Each private payer does telemedicine reimbursement a little differently. The good news is, many of the large insurance companies are seeing the benefits of telemedicine and starting to provide broader telemedicine coverage. Twenty-nine states and the District of Columbia currently require private payers to reimburse telemedicine. These states have enacted telemedicine parity laws, which require private payers to reimburse providers the same amount for telemedicine services as the comparable in-person service. To check for updates on state legislation, visit the ATA State policy center and review their helpful state legislation matrix. The big insurance carriers (BCBS, Aetna, Cigna, United Healthcare) cover telemedicine. The largest commercial payers do cover telemedicine. However, whether they will reimburse for a telemedicine service is policy-dependent, meaning one patient might be covered under their BCBS policy and another may not if their policy excludes telemedicine.   

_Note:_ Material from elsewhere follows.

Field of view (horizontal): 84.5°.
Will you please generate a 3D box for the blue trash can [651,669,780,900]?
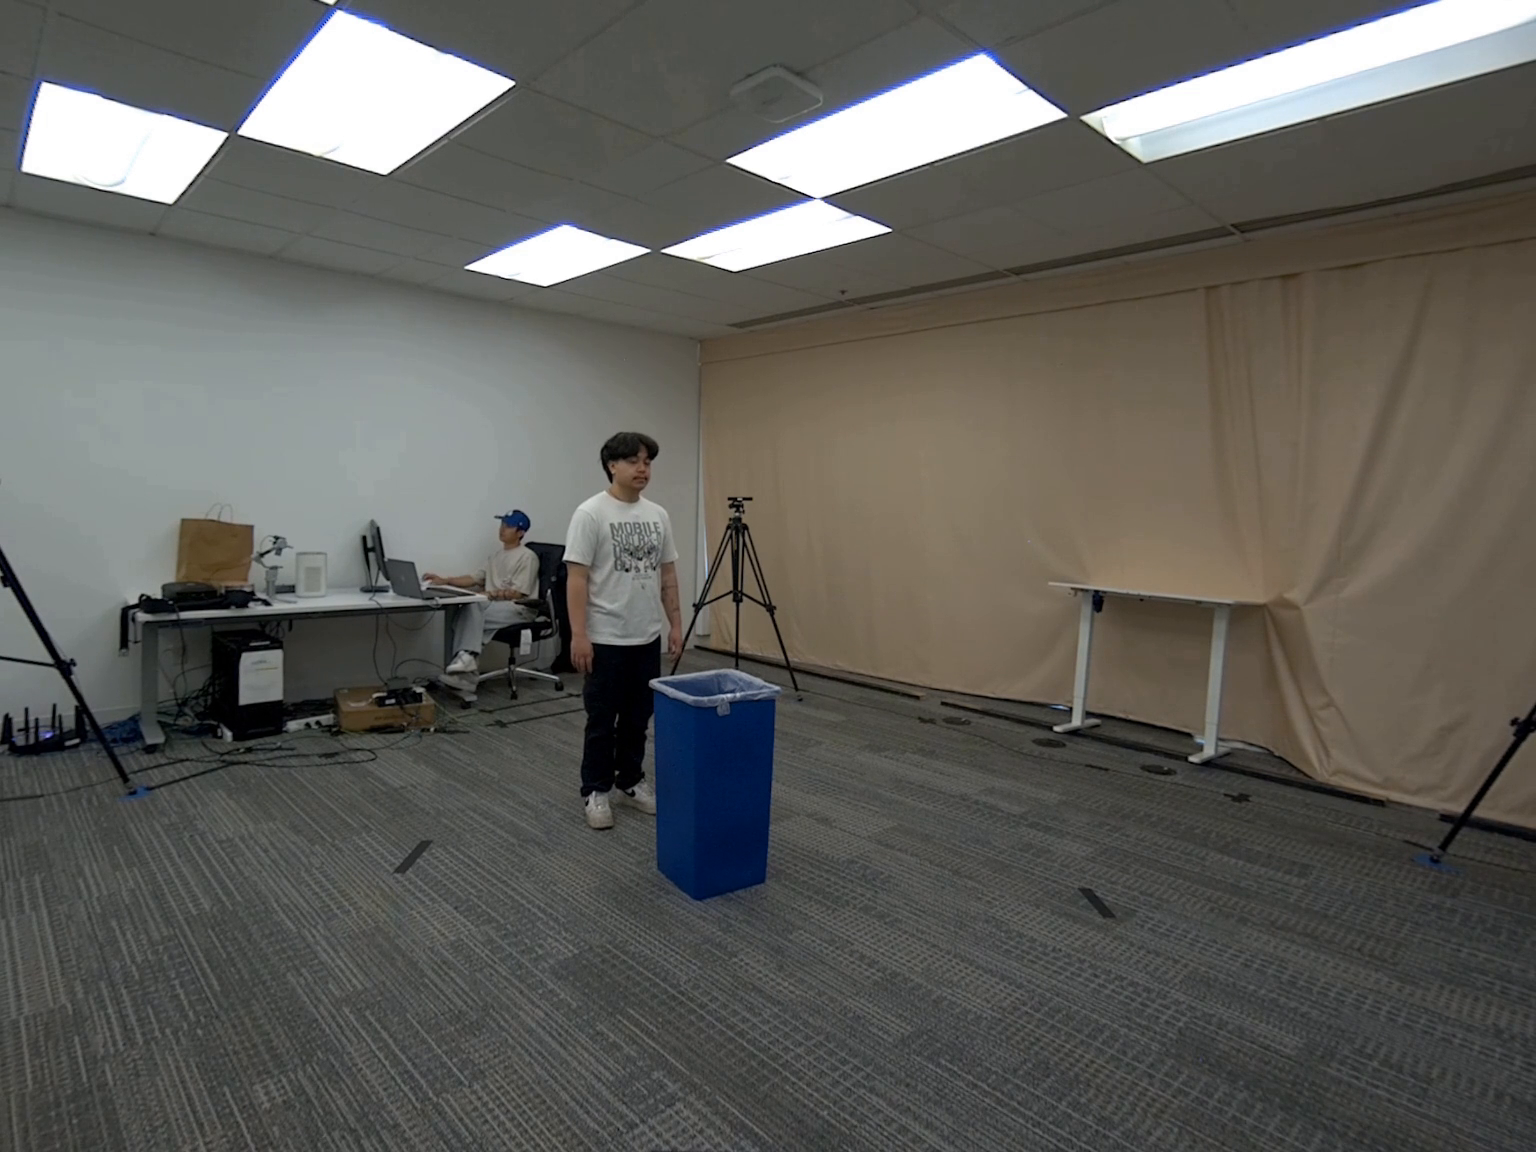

Call your payers and ask the right questions. The best way to find out telemedicine reimbursement policies from your private payers is to pick up the phone and call their eligibility and benefits department. Have a list of the relevant telemedicine CPT codes on hand (see complete Telemedicine Reimbursement Guide for the list!). Here are a few questions to ask: 

  • Which CPT and HCPCS codes can be completed via telemedicine? 
  • Are there any restrictions on the location of the patient or provider? 
  • Do I need to use a modifier (GT)? 
  • Does the reimbursement rate match the in-person rate? 
  • Which providers are eligible (physician, NP, PA)? 
  • Are there any specific notes that need to be included in the visit documentation? 

Verify the patient’s insurance.  Since telemedicine is policy-dependent, you’ll need to verify that the patient’s insurance does cover it. You can use a sample telemedicine insurance verification form to call up the patient’s insurance carrier and record whether or not they’re covered.